Taming presidency enough for now


Published on 19/11/2009

By Okech Kendo

The Committee of Experts on Constitutional Review is generous with the Executive, which has been at the centre of the country’s tragic moments. The presidency, which could have been a candidate for abolition, is merely dehorned.

An almighty President, whose power to reward and punish individuals and communities, is a matter of historical notoriety. It has been the most intrusive and stubborn institution, too preoccupied with protecting its dignity, even when honour has been squandered. The potential symbol of national unity has been the most divisive institution.

The kill-all-moment for the presidency was the 2007 presidential election. The President appointed 17 of 21 electoral commissioners to preside over a contest in which the incumbent was a competitor. The Justice Minister Martha Karua, who has since tasted the wrath of the Executive, justified the mendacity, insisting the President had broken no law. The Constitution, she held, gives the President power to referee a match in which he is a player.

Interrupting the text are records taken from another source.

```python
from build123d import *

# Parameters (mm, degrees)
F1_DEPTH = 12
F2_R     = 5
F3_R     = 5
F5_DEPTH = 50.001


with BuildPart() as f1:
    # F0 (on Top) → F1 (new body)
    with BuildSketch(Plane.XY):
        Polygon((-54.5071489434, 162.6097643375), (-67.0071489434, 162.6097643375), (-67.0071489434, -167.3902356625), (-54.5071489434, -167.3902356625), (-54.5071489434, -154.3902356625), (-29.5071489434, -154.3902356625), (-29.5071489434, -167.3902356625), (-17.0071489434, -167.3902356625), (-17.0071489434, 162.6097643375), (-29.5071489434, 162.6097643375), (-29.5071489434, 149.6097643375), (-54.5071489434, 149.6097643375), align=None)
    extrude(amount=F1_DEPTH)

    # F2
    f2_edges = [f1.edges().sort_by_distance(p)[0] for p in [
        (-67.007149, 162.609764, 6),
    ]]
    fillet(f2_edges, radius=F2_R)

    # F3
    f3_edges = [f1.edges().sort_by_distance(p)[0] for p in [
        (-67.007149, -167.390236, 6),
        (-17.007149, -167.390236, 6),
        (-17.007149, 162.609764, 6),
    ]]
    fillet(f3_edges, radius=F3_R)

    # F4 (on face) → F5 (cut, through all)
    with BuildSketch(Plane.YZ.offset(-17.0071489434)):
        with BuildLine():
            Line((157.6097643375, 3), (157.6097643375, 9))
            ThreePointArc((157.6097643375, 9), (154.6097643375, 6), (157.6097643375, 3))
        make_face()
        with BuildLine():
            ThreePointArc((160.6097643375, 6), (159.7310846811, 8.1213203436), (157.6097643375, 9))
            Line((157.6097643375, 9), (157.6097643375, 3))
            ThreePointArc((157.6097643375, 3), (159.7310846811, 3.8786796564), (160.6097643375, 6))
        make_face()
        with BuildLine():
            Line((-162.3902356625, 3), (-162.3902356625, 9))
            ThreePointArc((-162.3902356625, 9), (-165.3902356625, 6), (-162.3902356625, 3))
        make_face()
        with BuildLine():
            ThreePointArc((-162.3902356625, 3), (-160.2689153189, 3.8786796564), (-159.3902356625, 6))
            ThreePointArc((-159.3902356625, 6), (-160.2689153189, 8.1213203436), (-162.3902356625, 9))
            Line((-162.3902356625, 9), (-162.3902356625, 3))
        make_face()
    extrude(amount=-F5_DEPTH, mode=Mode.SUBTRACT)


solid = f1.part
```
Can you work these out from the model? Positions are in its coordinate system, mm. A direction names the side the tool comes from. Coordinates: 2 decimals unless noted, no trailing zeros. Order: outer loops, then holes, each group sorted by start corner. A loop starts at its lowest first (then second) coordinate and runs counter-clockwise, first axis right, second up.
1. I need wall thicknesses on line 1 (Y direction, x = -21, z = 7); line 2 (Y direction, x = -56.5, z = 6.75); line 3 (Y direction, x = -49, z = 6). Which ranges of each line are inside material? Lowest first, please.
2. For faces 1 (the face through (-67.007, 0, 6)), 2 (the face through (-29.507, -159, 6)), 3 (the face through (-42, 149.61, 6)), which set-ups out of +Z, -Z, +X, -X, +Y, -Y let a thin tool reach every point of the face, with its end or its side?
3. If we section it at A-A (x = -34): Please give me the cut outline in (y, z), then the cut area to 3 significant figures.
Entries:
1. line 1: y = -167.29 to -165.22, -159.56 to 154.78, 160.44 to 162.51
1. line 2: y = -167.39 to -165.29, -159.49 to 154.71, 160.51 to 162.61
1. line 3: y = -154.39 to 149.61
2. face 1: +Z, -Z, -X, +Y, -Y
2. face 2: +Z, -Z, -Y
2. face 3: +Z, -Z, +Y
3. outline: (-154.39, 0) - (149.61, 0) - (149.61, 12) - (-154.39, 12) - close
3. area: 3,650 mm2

Then there were the chairman of the Electoral Commission, the Chief Justice and the Attorney General, who hold (or held) constitutional offices at the mercy of the President, who endorsed his disputed claim to victory. As the Commander-in-Chief, the President had the self-serving business of reclaiming the peace by suppressing protest.

These blunders were possible because the President is the Commander-in-Chief, the Head of State and Head of Government. Such powers give the presidency the authority of a maniacal monarch.

Constitutional review offers wananchi the opportunity to demolish the presidency. But the Committee of Experts has been kinder by merely taming it. Such checks, like denying the President powers that come with being Head of Government, could contain the possibility of recurrence of post-election mayhem.

Anti-change forces

The presidency had at its control gullible unit commanders, malleable institutions of justice and a susceptible electoral commission. It was also captive to vested interests. That was how some businessmen entered the International Criminal Court list of suspects. Owners of capital were protecting their patron.

Compromises have been possible because of a powerful presidency beholden to vested interests. Politically correct individuals that the presidency rewarded are among the richest today. Major landowners made their hay under President Jomo Kenyatta.

Whatever other causes have aided the bloom of the Mungiki gang, they are products of abuse of presidential power. So are the internally displaced persons in the Rift Valley. Once their land in Central Province was grabbed and given to the politically connected, the alienated became squatters in Nakuru, Rongai, Trans Nzoia, Molo, and Naivasha.

Kikuyu IDPs have no heritage in Central Province because the Kenyatta regime dislocated them.

Then there are communities that have suffered the wrath of the presidency. For 46 years, the president has been an all-knowing being whose influence is second to a god’s. That is how those who have benefited from presidential largesse want it. Those who have tasted the wrath of a president detest this. They may want the institution tamed, if not demolished. But the CoE proposes a good compromise.

The late Bildad Kaggia suffered the wrath of a presidency that controlled the power to enrich its yes-men, and to impoverish those who had the temerity to question presidential betrayal of the ideals of Uhuru. The late Jaramogi Oginga Odinga, Kenyatta’s comrade-in-arms in the struggle for independence, also suffered the wrath of an imperial president. This was when turnaround Kenyatta began to suppress his colleagues who did not deviate from the promises of Uhuru.

When Odinga wrote Not Yet Uhuru, it was a statement on presidential betrayal. The tensi-on between Kenyatta and Odinga hit its nadir in 1969, when their ideological differences took a tribal turn. From thence, Kenyatta said goodbye to Odinga’s political turf. Wananchi had dared to jeer the President. The Vice-President had to take over presidential assignments in Nyanza.

Tribalism, protecting class interests, perpetuating impunity, and frustrating justice blossom because presidential leadership is captive to vested interests. The presidency has been a captive institution. But rather than confront the presidential challenges, the excuse has been to spare the president by blaming patrons.

CoE does not propose a radical departure, to make the draft acceptable to victims and beneficiaries of presidential dictat. Taming the presidency and later abolishing it could grow leadership that addresses aspirations of the majority.